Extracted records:
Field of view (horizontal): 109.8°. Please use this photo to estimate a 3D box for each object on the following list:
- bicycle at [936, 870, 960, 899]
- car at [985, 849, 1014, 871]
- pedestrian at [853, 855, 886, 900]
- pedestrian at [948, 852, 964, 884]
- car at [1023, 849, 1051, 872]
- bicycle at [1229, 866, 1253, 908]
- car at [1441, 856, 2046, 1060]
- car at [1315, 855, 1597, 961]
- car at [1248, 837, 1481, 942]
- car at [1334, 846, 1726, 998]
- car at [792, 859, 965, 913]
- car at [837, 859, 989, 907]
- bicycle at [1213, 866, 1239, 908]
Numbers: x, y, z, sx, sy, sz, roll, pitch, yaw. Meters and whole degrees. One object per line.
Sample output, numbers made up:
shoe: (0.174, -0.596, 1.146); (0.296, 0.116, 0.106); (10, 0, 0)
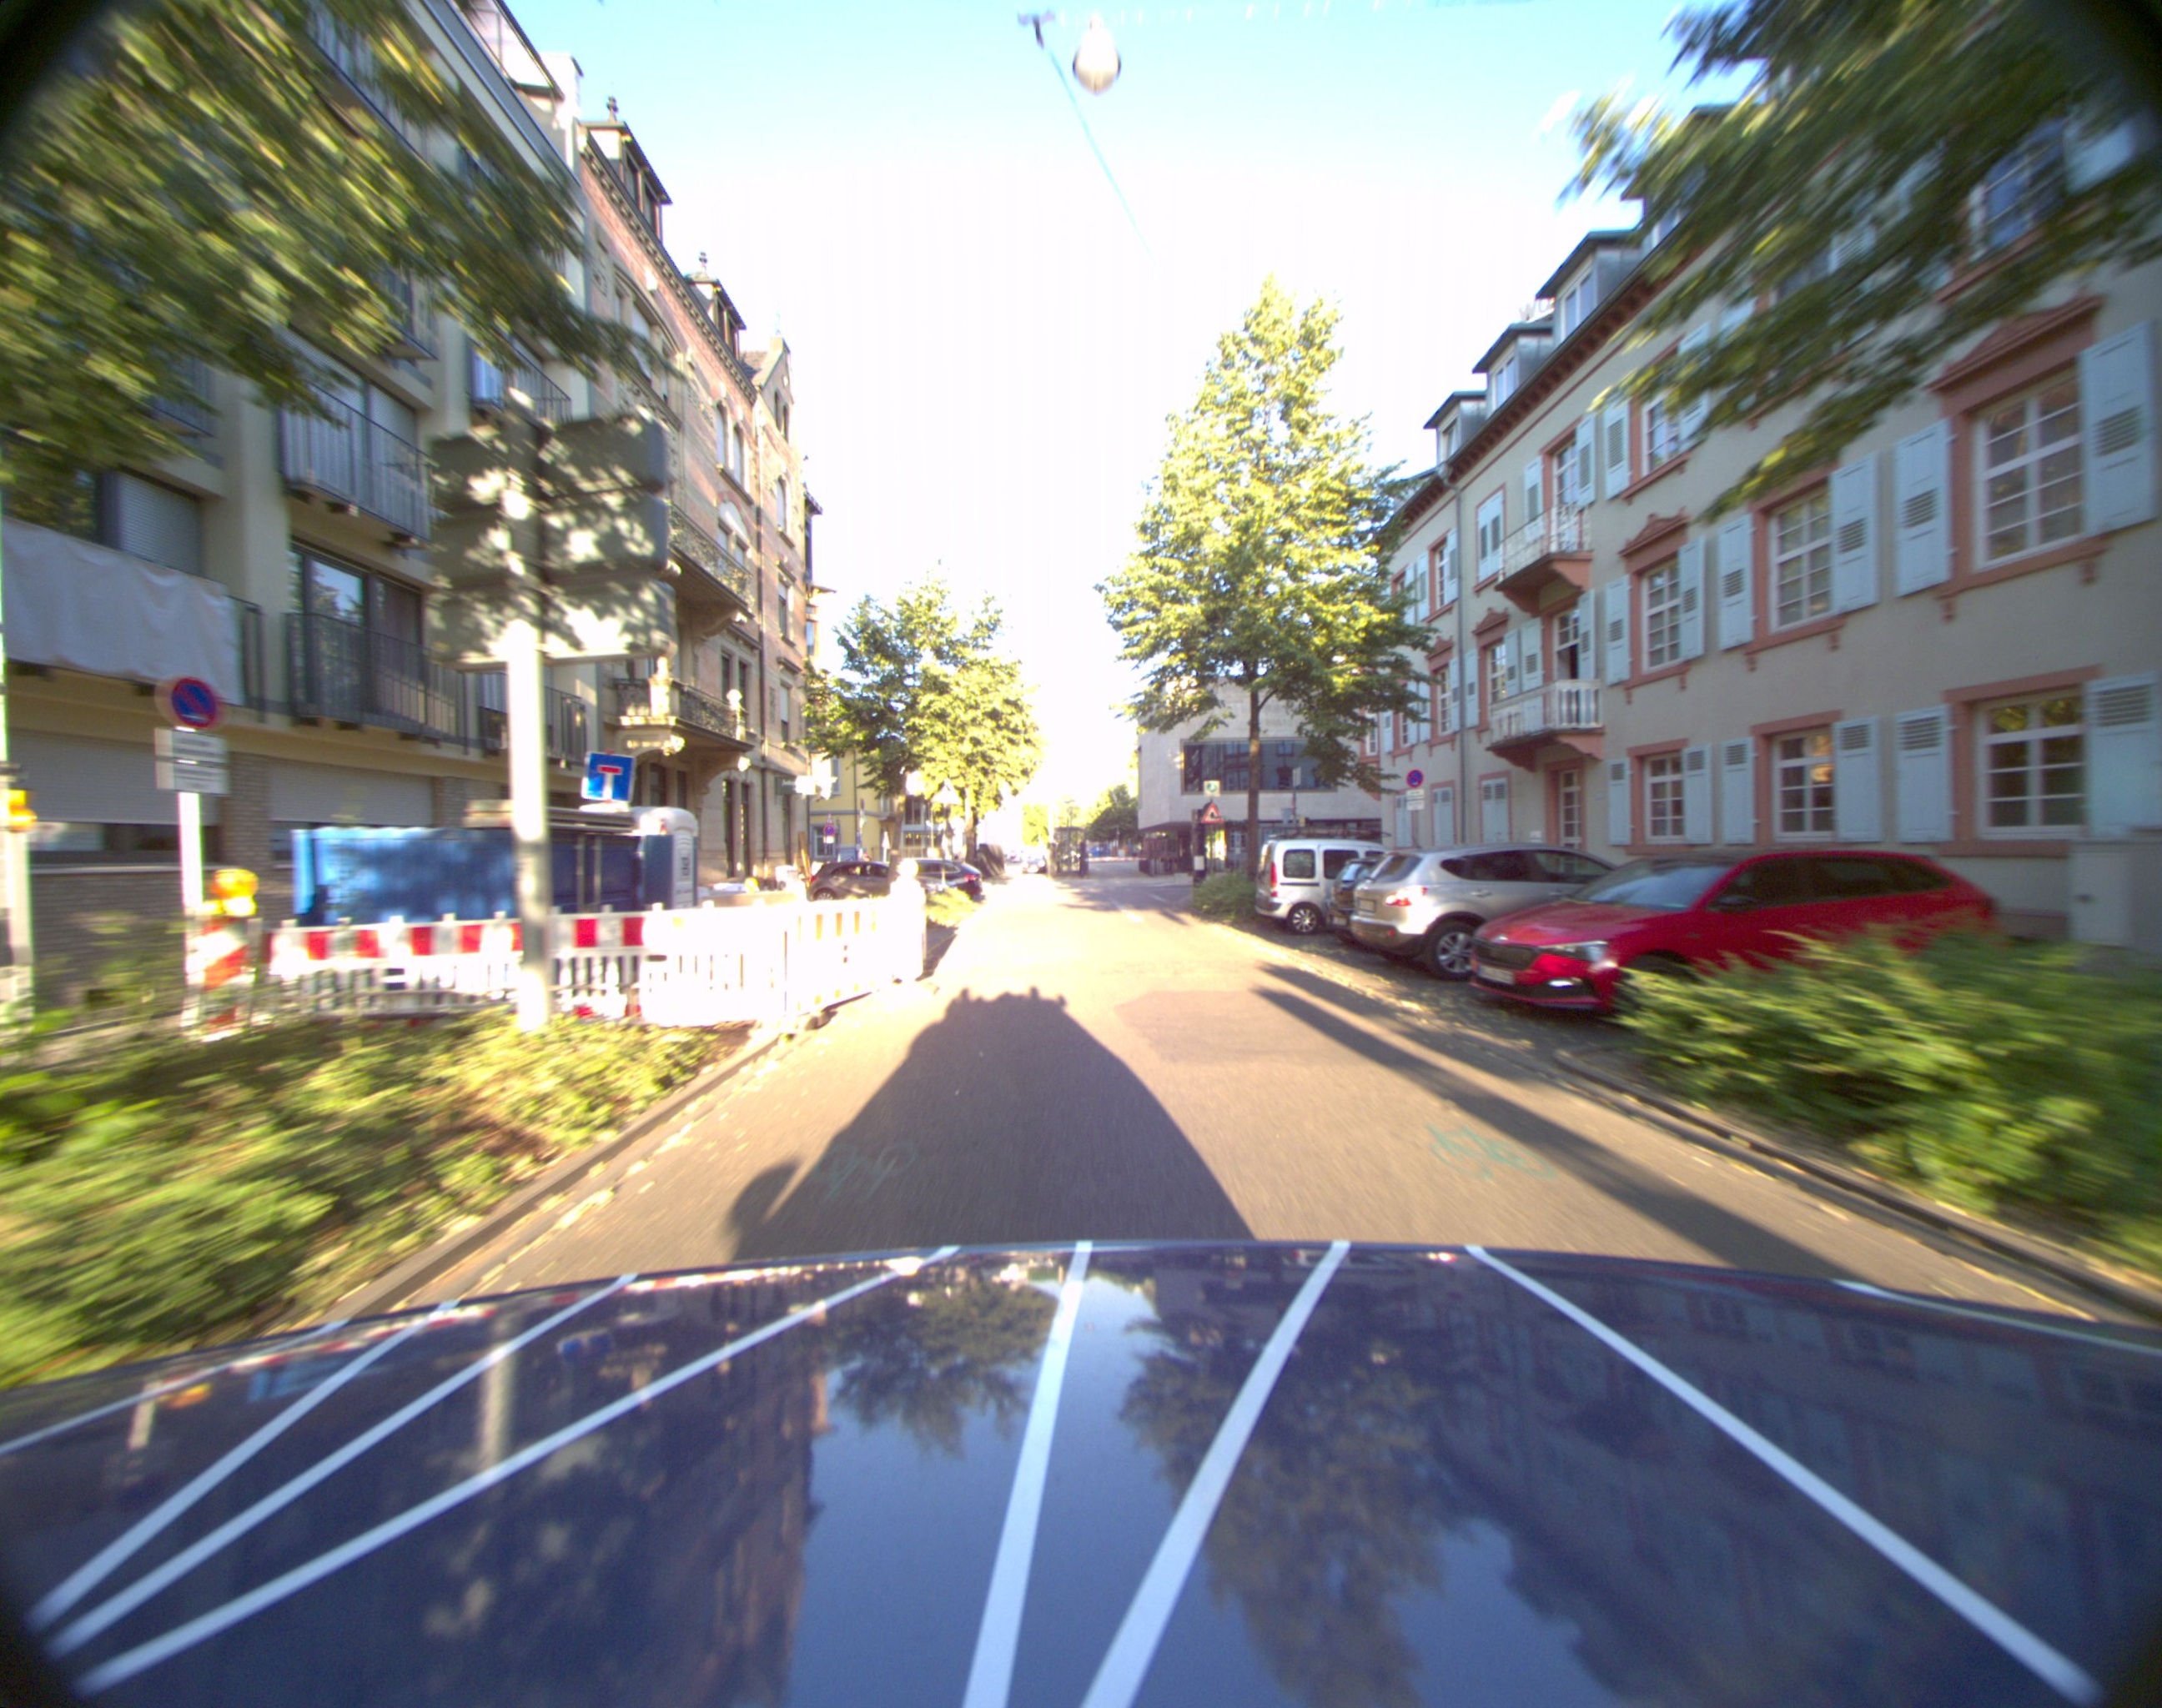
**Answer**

▶ [WHAT YOU SHOULD DO]
Please return only the lines running from the line with "- car at [837, 859, 989, 907]" to the final line of the data, both included, exactly and without any pictures.

▶ [OUTPUT BELOW]
- car at [837, 859, 989, 907]
- bicycle at [1213, 866, 1239, 908]
Numbers: x, y, z, sx, sy, sz, roll, pitch, yaw. Meters and whole degrees. One object per line.
Sample output, numbers made up:
shoe: (0.174, -0.596, 1.146); (0.296, 0.116, 0.106); (10, 0, 0)
**Answer**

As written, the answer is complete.